This is better explained with an example. I want to achieve an split like this:
two-separate-tokens-this--is--just--one--token-another
->
["two", "separate", "tokens", "this--is--just--one--token", "another"]
I naively tried str.split(/-(?!-)/)
and it won't match the first occurrence of double delimiters, but it will match the second (as it is not followed by the delimiter):
["two", "separate", "tokens", "this-", "is-", "just-", "one-", "token", "another"]
Do I have a better alternative than looping through the string?
By the way, the next step should be replacing the two consecutive delimiters by just one, so it's kind of escaping the delimiter by repeating it... So the final result would be this:
["two", "separate", "tokens", "this-is-just-one-token", "another"]
If that can be achieved in just one step, that should be really awesome!
str.match(/(?!-)(.*?[^\-])(?=(?:-(?!-)|$))/g);
Check this fiddle.
Explanation:
Non-greedy pattern (?!-)(.*?[^\-])
match a string that does not start and does not end with dash character and pattern (?=(?:-(?!-)|$))
requires such match to be followed by single dash character or by end of line. Modifier /g
forces function match
to find all occurrences, not just a single (first) one.

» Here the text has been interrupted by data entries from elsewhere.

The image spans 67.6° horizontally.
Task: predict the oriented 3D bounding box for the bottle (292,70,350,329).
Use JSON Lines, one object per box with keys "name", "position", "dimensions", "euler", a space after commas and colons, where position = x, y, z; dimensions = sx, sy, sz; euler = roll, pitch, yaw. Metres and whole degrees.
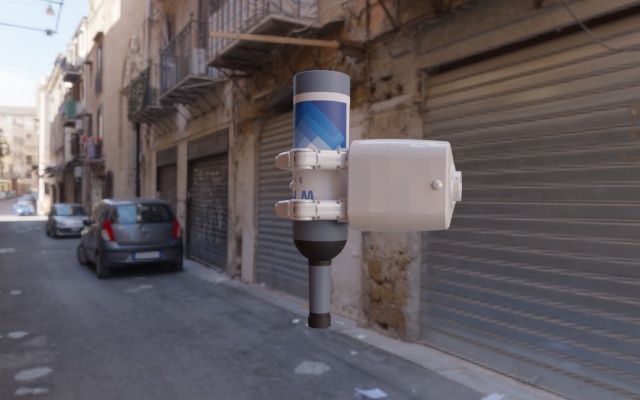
{"name": "bottle", "position": [0.000, 0.002, 0.566], "dimensions": [0.069, 0.295, 0.069], "euler": [1, 1, 0]}
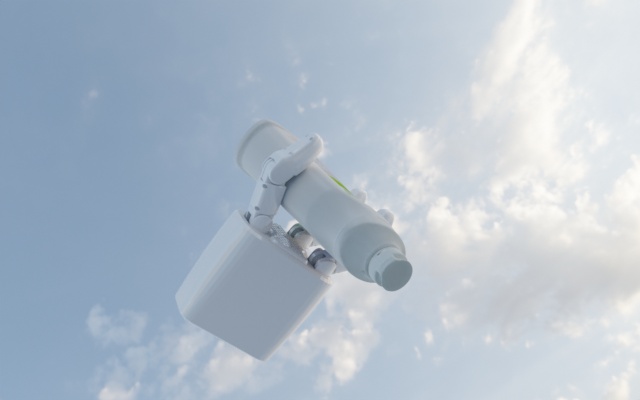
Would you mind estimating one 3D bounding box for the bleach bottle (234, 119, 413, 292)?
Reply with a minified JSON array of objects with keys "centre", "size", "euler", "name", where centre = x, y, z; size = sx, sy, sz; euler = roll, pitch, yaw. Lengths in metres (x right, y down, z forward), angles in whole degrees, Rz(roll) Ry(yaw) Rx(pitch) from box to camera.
[{"centre":[0.000,0.001,0.456],"size":[0.103,0.068,0.250],"euler":[34,6,-35],"name":"bleach bottle"}]
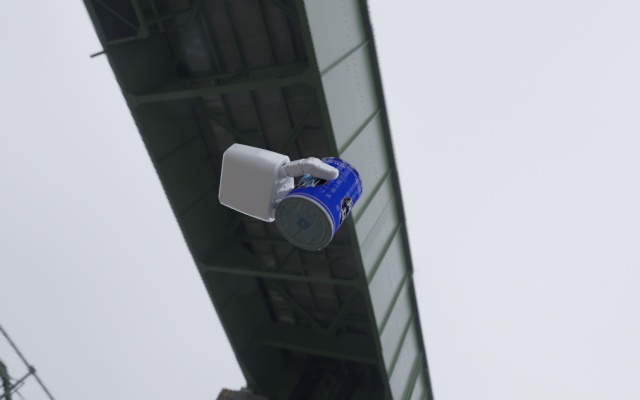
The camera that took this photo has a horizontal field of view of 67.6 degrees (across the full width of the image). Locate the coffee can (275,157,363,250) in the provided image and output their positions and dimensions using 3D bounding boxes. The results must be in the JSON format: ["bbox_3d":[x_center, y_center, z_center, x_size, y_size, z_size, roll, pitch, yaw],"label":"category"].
[{"bbox_3d":[0.000,0.003,0.812,0.103,0.103,0.140,0,31,29],"label":"coffee can"}]
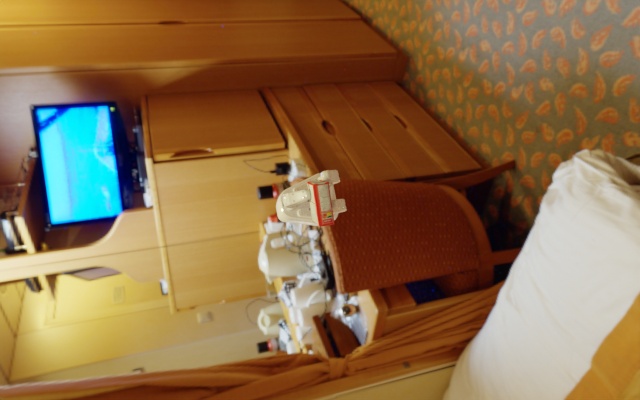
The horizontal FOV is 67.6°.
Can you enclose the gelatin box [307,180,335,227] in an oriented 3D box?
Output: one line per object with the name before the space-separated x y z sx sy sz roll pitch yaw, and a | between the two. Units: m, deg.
gelatin box | 0.000 0.003 0.833 0.030 0.073 0.089 -9 6 -8
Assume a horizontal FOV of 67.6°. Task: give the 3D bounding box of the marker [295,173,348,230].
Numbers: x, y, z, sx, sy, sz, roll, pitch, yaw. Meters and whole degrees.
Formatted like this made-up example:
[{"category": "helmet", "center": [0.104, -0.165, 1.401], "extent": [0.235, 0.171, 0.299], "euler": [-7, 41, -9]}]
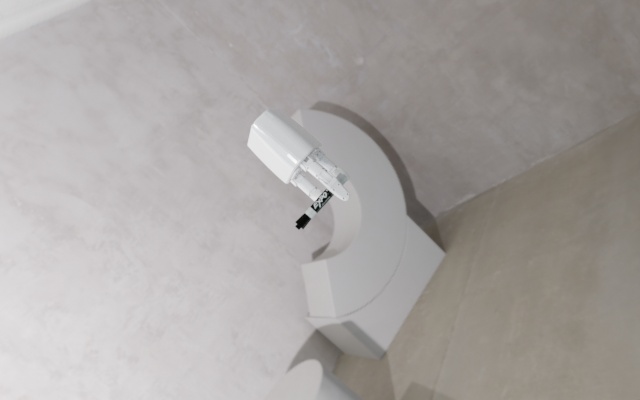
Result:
[{"category": "marker", "center": [0.000, 0.003, 0.821], "extent": [0.020, 0.121, 0.020], "euler": [42, -4, 4]}]
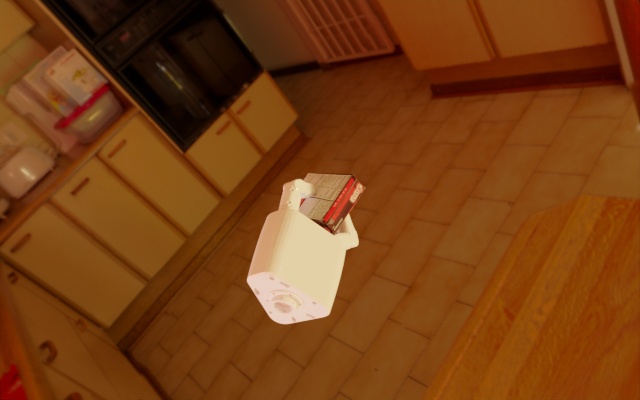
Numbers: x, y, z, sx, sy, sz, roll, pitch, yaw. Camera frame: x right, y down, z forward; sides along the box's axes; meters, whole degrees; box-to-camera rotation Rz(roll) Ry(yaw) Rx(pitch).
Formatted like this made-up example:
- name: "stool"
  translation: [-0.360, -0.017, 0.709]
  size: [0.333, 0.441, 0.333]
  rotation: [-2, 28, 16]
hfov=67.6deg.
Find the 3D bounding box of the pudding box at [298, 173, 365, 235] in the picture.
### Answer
- name: "pudding box"
  translation: [0.000, 0.002, 0.718]
  size: [0.113, 0.090, 0.039]
  rotation: [8, -34, 50]
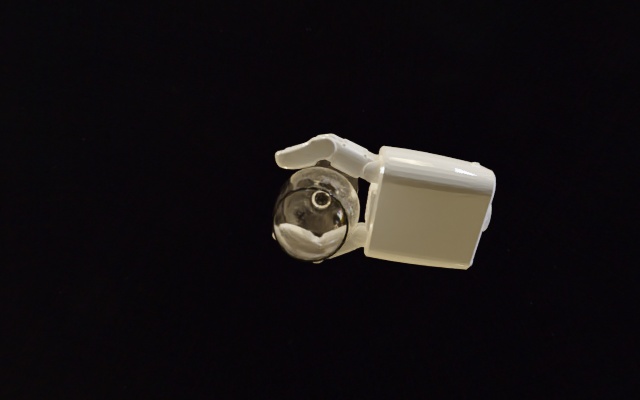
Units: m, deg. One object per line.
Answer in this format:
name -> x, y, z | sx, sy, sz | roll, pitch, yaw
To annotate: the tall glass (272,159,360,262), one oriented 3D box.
tall glass -> 0.000, 0.001, 0.476 | 0.079, 0.079, 0.201 | 0, 11, 5
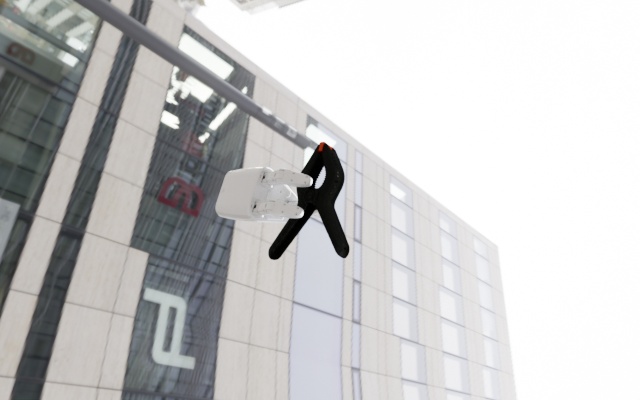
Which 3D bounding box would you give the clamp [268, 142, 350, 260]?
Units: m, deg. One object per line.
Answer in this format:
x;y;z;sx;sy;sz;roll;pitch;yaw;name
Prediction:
0.001;0.002;0.774;0.164;0.210;0.036;2;-21;43;clamp
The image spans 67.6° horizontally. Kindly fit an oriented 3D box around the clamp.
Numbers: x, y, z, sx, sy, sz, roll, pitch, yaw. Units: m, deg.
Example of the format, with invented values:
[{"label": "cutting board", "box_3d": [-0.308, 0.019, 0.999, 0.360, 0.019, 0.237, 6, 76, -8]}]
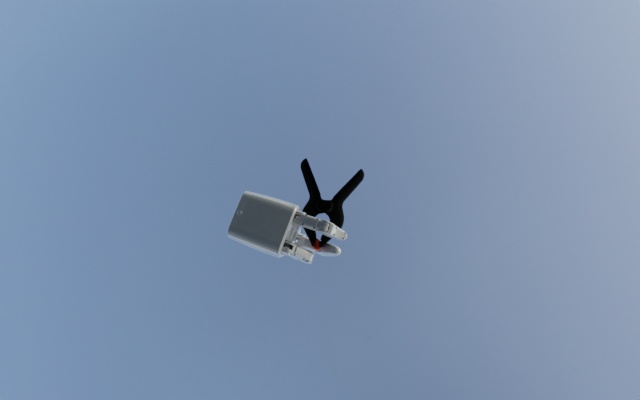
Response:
[{"label": "clamp", "box_3d": [0.000, 0.003, 0.888, 0.120, 0.171, 0.039, 18, -13, 11]}]
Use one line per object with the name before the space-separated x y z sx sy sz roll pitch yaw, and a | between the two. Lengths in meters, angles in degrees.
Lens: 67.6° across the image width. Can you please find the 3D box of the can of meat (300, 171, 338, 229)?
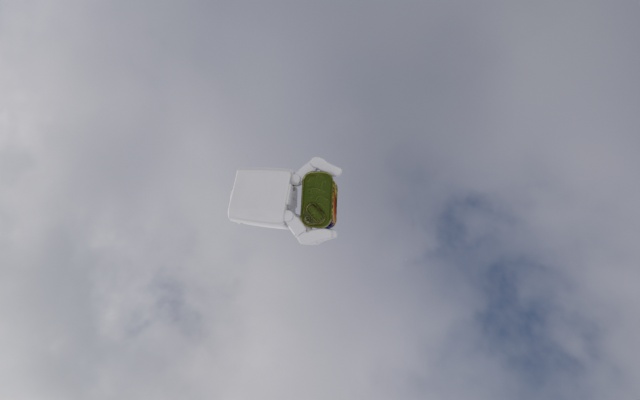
can of meat | 0.000 0.003 0.889 0.057 0.102 0.084 2 -6 10
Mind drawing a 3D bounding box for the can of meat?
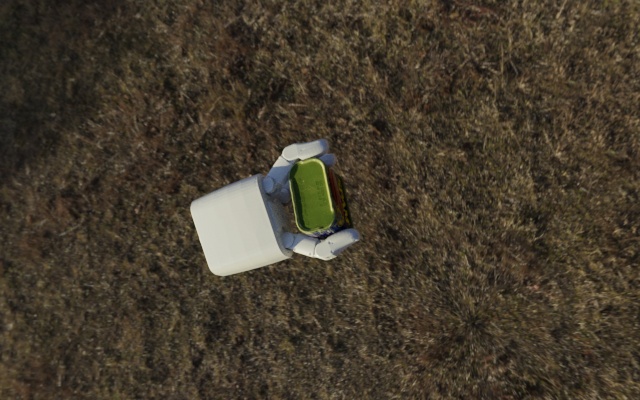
[{"bbox_3d":[0.000,0.002,0.631,0.057,0.102,0.084,-16,-18,14],"label":"can of meat"}]
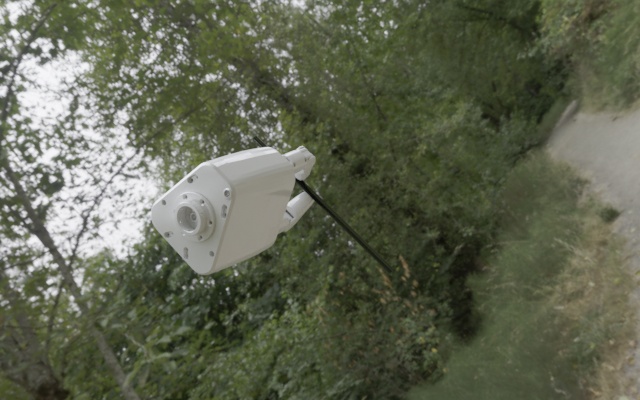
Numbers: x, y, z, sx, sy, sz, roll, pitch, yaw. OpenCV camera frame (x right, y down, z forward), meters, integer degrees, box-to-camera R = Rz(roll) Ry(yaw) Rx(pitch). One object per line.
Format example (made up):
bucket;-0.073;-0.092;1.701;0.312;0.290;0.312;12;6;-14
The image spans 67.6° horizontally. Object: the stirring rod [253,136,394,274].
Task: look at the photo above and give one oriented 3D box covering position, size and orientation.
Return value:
stirring rod;0.000;0.002;0.590;0.239;0.011;0.011;44;11;12
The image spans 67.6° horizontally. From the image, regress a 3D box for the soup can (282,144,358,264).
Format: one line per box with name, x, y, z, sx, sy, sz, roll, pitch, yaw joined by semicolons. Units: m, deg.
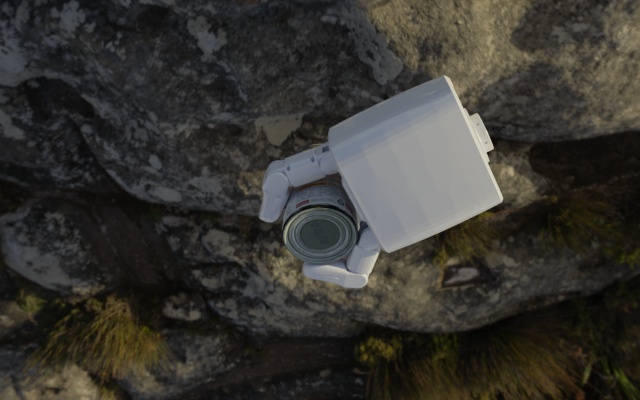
soup can;0.000;0.002;0.450;0.068;0.069;0.102;0;37;0
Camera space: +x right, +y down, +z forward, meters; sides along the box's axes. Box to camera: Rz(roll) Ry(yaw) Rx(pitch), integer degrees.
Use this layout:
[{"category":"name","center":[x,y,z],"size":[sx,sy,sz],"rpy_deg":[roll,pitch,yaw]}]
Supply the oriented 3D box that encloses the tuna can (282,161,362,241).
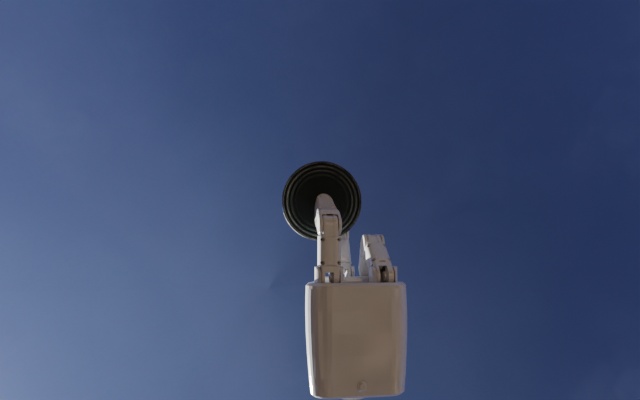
[{"category":"tuna can","center":[0.000,0.002,0.526],"size":[0.086,0.086,0.034],"rpy_deg":[0,-5,-6]}]
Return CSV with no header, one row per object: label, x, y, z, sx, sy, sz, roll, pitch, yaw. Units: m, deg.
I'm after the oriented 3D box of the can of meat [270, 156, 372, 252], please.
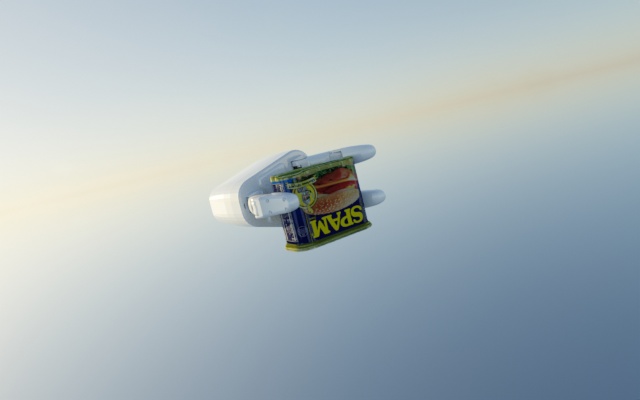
can of meat,0.000,0.001,0.538,0.102,0.084,0.057,-18,8,-29
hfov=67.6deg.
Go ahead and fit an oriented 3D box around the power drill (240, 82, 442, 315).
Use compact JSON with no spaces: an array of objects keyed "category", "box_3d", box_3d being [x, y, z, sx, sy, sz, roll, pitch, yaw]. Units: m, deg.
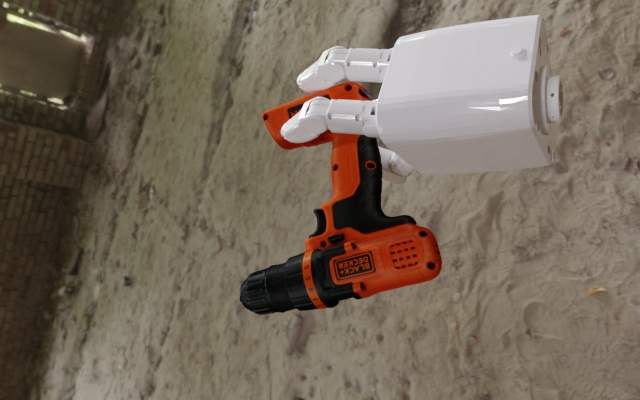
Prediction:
[{"category":"power drill","box_3d":[0.000,0.001,0.433,0.184,0.187,0.057,-16,-15,17]}]

Edit (based on OP's comment):
str.match(/(?:[^\-]|--)+/g);
Check this fiddle.
Explanation:
Pattern (?:[^\-]|--)
will match non-dash character or double-dash string. Sign +
says that such matching from the previous pattern should be multiplied as many times as can. Modifier /g
forces function match
to find all occurrences, not just a single (first) one.
Note:
Pattern /(?:[^-]|--)+/g
works in Javascript as well, but JSLint requires to escape -
inside of square brackets, otherwise it comes with error.